Das Zugabe-Wesen des klassischen Konzertbetriebs ist dringend verbesserungsbedürftig.

Xenakis II

Samstag, November 17th, 2001

Wien Modern am 14.11. 2001 im Konzerthaus
Arditti String Quartett
Xenakis: Kottos (1977)
Xanakis: Ergma (1994)
Paul Usher: String Quartett (2000/01)
Conlon Nancarrow: String Quartet No. 3 (1987)
Xenakis: Ikhoor (1978)
Xenakis: Tetras (1983)

Ein Grund, warum ich vor eineinhalb Jahren nach Wien zog war musikalischer Natur. Die letzten Tage bestätigten diesen Aspekt eindrucksvoll: Am Sonntag eine erstklassige Interpretation von Haydns “Missa in tempore belli”. Wenige Tage später ein brillantes Konzert mit zeitgenössischer Musik.

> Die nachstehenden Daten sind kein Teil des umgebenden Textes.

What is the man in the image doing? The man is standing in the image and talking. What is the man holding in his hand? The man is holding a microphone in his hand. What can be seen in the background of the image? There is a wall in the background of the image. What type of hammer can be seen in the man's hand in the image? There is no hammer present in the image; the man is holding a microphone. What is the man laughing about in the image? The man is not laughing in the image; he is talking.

Die Leichtigkeit, mit der das Arditti Quartett die schwierigsten technischen Hürden der sich teilweise zum Rand des instrumental möglichen vortastenden Kompositionen bewältigte, war kaum zu glauben. Selbst bei extremen Geschwindigkeiten klappte das Zusammenspiel so reibungslos, als würden die diversen Instrumente von einem Musiker alleine gespielt.

Eine Entdeckung für mich: Conlon Nancarrow, dessen Streichquartett höchst abwechslungsreich und witzig zu hören war, ohne billige Kompromisse einzugehen.

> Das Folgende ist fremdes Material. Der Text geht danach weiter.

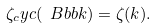<formula> <loc_0><loc_0><loc_500><loc_500>\zeta _ { c } y c ( \ B b b k ) = \zeta ( k ) .</formula>

Wiener Hofmusikkapelle (Mozart, Schubert, Haydn)

Sonntag, November 11th, 2001

Mozart: Litaniae Lauretanae, KV 195
Schubert: Intende voci, D 963
Haydn: Missa in tempore belli
Wiener Musikverein 11. November
Wiener Hofmusikkapelle
Solisten: Ruth Ziesak, Elisabeth von Magnus, Herbert Lippert, Christian Gerhaher
Dirigent: Sir Neville Marriner

Die Wiener Hofmusikkapelle setzt sich aus Mitgliedern der Wiener Philharmoniker, des Herrenchores der Staatsoper sowie ausgewählten Sängerknaben zusammen. Exakt diese Besetzung erforderte das heutige Programm im Musikverein.

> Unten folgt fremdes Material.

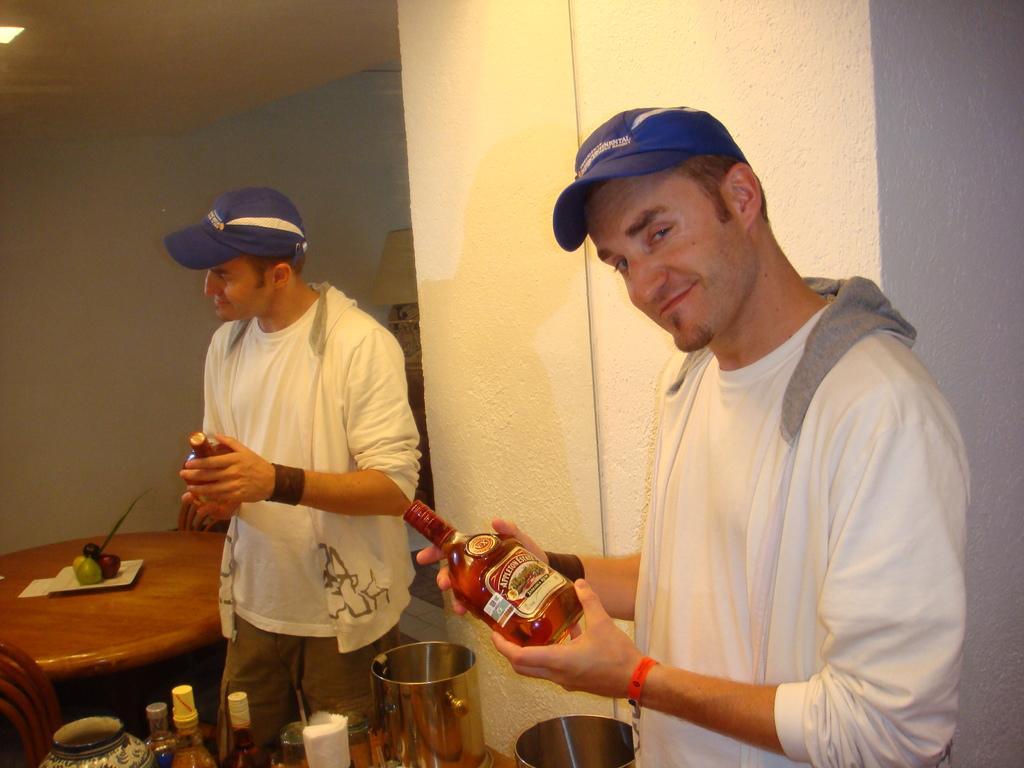Could you give a brief overview of what you see in this image? In this image we can see a man wearing the cap and also holding the alcohol bottle and standing. We can also see the steel vessel, wall and also the mirror and through the mirror we can see the reflection of a person wearing the cap and also holding the bottle. We can also see the dining table with the chairs and on the table we can see the fruits. We can also see the alcohol bottles and some other objects. We can see the wall and also the light and the ceiling.

Die Interpretation ließ erwartungsgemäß nichts zu wünschen übrig. Vor allem die beiden Chöre sangen mit erstaunlicher Präzision.

Georg Friedrich Haas: in vain [visible]

Samstag, November 10th, 2001

Wien Modern am 7.11. 2001 im Konzerthaus
Klangforum Wien

Metaphorisch ist gerne die Rede von Klangfarben. Georg Friedrich Haas hat in diesem Stück jenes Bild wörtlich genommen und eine visuelle Komponente vorgesehen, die von Katja Krusche konzeptuell umgesetzt wurde. Die Originalität der Lichtregie hielt sich allerdings in engen Grenzen und war relativ vorhersehbar.

Das Stück selbst erinnerte manchmal an ungebührlich aufgeregte minimal music (was nicht als Kompliment gemeint ist :-), die ab und zu an Kraft gewann, um jedoch schnell wieder nachzulassen. Das soll nicht heißen, das Stück sei klanglich uninteressant, nur hinterließ es bei mir keinen bleibenden Eindruck.

Addendum Jan. 2010: Für eine enthusiastische Eloge auf [in vain], siehe Bernhard Langs Bemerkungen [YouTube].